Я изобразил ее бейсбольным кетчером с бутылкой ржаного виски в ловушке.

— Voila!

— Мило, — еле слышно произнесла Бренда хрипловатым от бесчисленных сигарет шепотом. — Подпиши.

Я подписал.

— Я хотел нарисовать с буханкой хлеба, — пояснил я, выписывая замысловатую подпись, которая по сей день является моим автографом. — Но бутылку рисовать легче. Да и как бы ты поняла, что это ржаной хлеб? Пришлось бы рисовать какие-то семечки или что-то еще…

Я молол всякую ерунду, потому что теплая ладонь Бренды Наррамор осторожно ползла по моему колену, постепенно взбираясь все выше. Вот она уже легла на мое бедро и теперь двигалась не только вверх, но и вниз. Ширинка моих отрезанных джинсов стала похожа на походную палатку.

Внезапно Бренда встала. Теперь она возвышалась надо мной подобно Колоссу Родосскому, если бы у мистера Колосса были длинные, покрытые золотистым загаром ноги. Она стащила через голову свою полупрозрачную крестьянскую блузу, встряхнула спутанными кудрями.

— Дэвид, ты когда-нибудь рисовал обнаженную натуру?

Она протянула мне руку.

И так же, как в этот субботний вечер сделали до нас другие мальчики и девочки, мы ушли от костра, чтобы уединиться в дюнах.


Мы скользнули за покрытый морской травой песчаный холм.

— Я никогда… — забормотал я, когда она начала расстегивать мои джинсы.

— Не переживай. Я все сделаю сама.

Ее тяжелая грудь покачивалась, а пальцы ловко расстегнули молнию.

— А как же…

Она приложила палец к губам.

— Тс-с… Ты просто нервничаешь.

Я кивнул. Я и в самом деле очень нервничал.

— Вот… — Она сунула руку в свою пляжную сумку и нашла смятую пачку «Дорала». — Покури. Это тебя успокоит.

— Я думал, что обычно курят… ну… после всего.

Она прикурила две сигареты сразу.

— Покурим, Дейв, покурим.

И вот тут я его и увидел. Позади нее. Сразу за ее плечом.
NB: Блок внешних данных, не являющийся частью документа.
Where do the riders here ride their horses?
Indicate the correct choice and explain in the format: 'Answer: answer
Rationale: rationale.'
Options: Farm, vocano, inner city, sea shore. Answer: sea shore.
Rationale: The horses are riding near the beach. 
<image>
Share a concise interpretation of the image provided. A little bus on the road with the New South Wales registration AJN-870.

Она протянула мне сигарету. Я ее не взял.

— Дейв?

Я уже не обращал на нее внимания.

Да и как я мог?

И кто бы смог на моем месте?

В десяти футах позади Бренды Наррамор, притаившись в тени, стоял демон дюн! Это был древний, дряхлый старик… нет, скорее скелет старика. Острые кости выпирали из-под туго обтянувшей их кожи. Он горбился от боли, как будто его позвоночник скрутило в кривой горб. Это существо было облачено в какой-то белый, похожий на саван, балахон, доходивший до колен и открывавший взору костлявые босые ступни и многочисленные раны на ногах, как покрытые струпьями, так и сочащиеся сукровицей.
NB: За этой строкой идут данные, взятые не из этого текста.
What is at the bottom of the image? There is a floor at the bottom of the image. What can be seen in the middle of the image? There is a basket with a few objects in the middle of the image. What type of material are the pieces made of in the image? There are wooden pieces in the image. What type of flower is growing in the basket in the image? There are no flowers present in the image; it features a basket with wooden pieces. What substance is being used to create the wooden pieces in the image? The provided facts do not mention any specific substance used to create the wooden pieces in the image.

Я оттолкнул Бренду. Грубо. Прикуренные сигареты, которые она держала в руке, очертили огненные траектории и, подобно кометам, вонзились в песок. Я отчаянно затеребил молнию на джинсах, торопясь застегнуться.

— Это…

Она посмотрела туда, куда смотрел я. Туда, куда я показывал.

— Что?

Она ничего не увидела.

К сожалению, мне повезло меньше.

Зловещее облако, закрывавшее луну, сместилось в сторону, давая ночному светилу возможность озарить чудовищно изнуренное лицо демона. Под складками наброшенного на голову капюшона я увидел морщинистые впалые щеки. Зияющую дыру на месте рта. Никаких волос у него не было. Даже над черными глазницами. Ресниц, разумеется, тоже. Только распухшие и выкатившиеся наружу глазные яблоки перепуганного эмбриона.

Я помню, что тихонько заскулил.

— Дэвид?

Мое поскуливание перепугало Бренду насмерть.